If you haven’t seen it the movie is blatant ridiculous slap stick comedy and that’s what makes its message so much fun. Yep, I said message!

Paul, through his naïve, bumbling and endearing ways, sticks to his principles of care, diligence and honour and while under extreme pressure trying to catch the bad guys, get the girl (of course) and deal with his self-serving underhanded employer shows us that a light-hearted approach can help you come out on top of pretty much any situation. He simply ignores the arrogance of the SWAT team, doesn’t let his fear get the best of him or let’s his physical shortcomings slow him down.

Well, sort of…..

Paul is meant to come off as a naive straight shooting goofball and Steve Carr decided that we are meant to see him as a lovable loser. The underdog. Everyone usually sides with the underdog, don’t they? But in this case Kevin James character has a few traits that we all should consider important to our personal growth underdog or not; integrity, respect and compassion for his fellow man. His naive wonder of the world allows him to deal exceptionally well with stress. It may not seem so but every situation he finds himself in he seems to find a calm, humour filled way to make it through. What? The script called for that? Yes, I know THAT but that’s just the point.

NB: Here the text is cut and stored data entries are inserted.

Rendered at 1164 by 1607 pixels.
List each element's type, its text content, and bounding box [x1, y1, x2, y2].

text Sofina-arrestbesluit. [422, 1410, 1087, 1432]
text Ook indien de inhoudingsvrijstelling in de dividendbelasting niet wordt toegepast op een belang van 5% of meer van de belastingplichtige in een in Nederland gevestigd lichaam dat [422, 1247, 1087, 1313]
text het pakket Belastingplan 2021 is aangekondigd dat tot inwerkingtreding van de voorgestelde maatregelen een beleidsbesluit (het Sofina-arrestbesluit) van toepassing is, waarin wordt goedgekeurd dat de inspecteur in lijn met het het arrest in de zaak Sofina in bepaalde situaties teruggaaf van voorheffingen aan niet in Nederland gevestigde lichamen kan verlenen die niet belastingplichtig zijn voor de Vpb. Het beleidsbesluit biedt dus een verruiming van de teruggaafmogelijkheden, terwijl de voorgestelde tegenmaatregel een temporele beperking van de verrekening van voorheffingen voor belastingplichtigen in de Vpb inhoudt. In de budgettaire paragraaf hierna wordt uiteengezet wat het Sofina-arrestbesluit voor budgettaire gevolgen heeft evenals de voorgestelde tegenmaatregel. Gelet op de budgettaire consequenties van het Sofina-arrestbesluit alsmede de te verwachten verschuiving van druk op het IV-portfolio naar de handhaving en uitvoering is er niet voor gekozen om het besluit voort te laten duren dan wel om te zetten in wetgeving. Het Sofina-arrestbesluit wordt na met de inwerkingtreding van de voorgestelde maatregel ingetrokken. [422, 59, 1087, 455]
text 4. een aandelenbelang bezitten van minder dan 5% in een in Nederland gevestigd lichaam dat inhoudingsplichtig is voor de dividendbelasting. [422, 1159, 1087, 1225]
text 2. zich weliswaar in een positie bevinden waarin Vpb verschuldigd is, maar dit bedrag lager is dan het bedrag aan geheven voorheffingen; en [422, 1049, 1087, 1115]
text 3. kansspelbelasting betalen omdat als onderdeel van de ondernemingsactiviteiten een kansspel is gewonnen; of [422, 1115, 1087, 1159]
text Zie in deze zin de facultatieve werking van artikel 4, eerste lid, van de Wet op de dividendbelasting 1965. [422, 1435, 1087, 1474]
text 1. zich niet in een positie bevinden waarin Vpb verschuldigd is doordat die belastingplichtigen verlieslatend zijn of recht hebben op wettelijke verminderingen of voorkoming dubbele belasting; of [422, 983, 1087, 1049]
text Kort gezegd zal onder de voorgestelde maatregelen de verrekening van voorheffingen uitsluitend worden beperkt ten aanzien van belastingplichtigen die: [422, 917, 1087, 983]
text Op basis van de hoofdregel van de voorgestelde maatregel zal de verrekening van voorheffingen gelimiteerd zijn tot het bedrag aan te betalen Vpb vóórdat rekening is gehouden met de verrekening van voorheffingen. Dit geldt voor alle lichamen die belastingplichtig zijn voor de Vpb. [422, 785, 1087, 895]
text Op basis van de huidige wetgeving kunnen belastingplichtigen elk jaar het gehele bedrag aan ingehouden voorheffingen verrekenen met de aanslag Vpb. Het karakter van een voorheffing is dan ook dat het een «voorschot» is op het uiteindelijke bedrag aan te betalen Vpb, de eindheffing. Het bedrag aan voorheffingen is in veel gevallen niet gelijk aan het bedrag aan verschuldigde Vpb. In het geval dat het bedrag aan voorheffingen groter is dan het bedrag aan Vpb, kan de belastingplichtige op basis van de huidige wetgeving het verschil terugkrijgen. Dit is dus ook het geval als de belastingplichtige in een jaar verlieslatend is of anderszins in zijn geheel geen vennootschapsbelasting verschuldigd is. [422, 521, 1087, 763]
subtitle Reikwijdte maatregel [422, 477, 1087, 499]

Humour seems to be the alchemy to managing his stress.

The humour in situation comedy isn’t necessarily what we are driving at here but moreover the idea that a little fun in your work makes the routine seem fresh, can keep the mood light and simply helps us manage stress. What better way is there to release some tension?

Joke around a bit whydoncha?

Whatever happened to the old fashioned joke anyway? What about a little prank once in a while? Doesn’t that make you grin? A face ripping grin, I bet. He-heeee. You have to love that feeling.

LMAO right now my friends.

I have a couple of buddies who are regular jokers. Sure they take life seriously but the interesting thing about it is that even when the subject matter is serious they prove a little levity goes a long way. Yeah, I know that’s obvious but think about the last time you were in a serious conversation or in a serious meeting. Could it have used a little light-hearted joking to cut the tension?

Kind of like Paul does?

Stranded in the mall with the criminals he’s on his smartphone talking to the SWAT team who is instructing him to get out because they don’t need any wild cards in a situation like this. What comes out of his mouth? “Yes sir, I don’t consider myself a wild card unless I am playing Uno and that’s only if you even consider Uno wild.” He follows that with some nervous laughter and off he goes.

Grace under pressure.

That’s the ticket, huh? Somehow he seems to make his way through a tough situation always keeping his composure. Cool as a cucumber and endearing to boot.

So, what makes Paul such an endearing guy?

Well, after he beats the pulp out of one of the criminals in a tanning salon by pounding the lid of a tanning booth lid continuously up and down on the guy he ties the lid shut with a bikini top to ensure he stays put and just before he races off what does he do? He puts the little sunglasses over the incapacitated criminal’s eyes. He actually cares about the welfare of his adversary?

Yep, he even has respect for this dude. He is human after all.

What have we learned from this exchange? Well, that Ralph loves schlocky Hollywood comedies, he’s always thinking about lessons learned (gawd, almighty) and that there’s nothing wrong with being a nice guy, making the best out of a stressful situation and having a little fun especially when the going gets tough.

“Nobody wins with a head-butt.”  –  Paul Blart, Mall Cop

Well said Paul, you ARE my hero!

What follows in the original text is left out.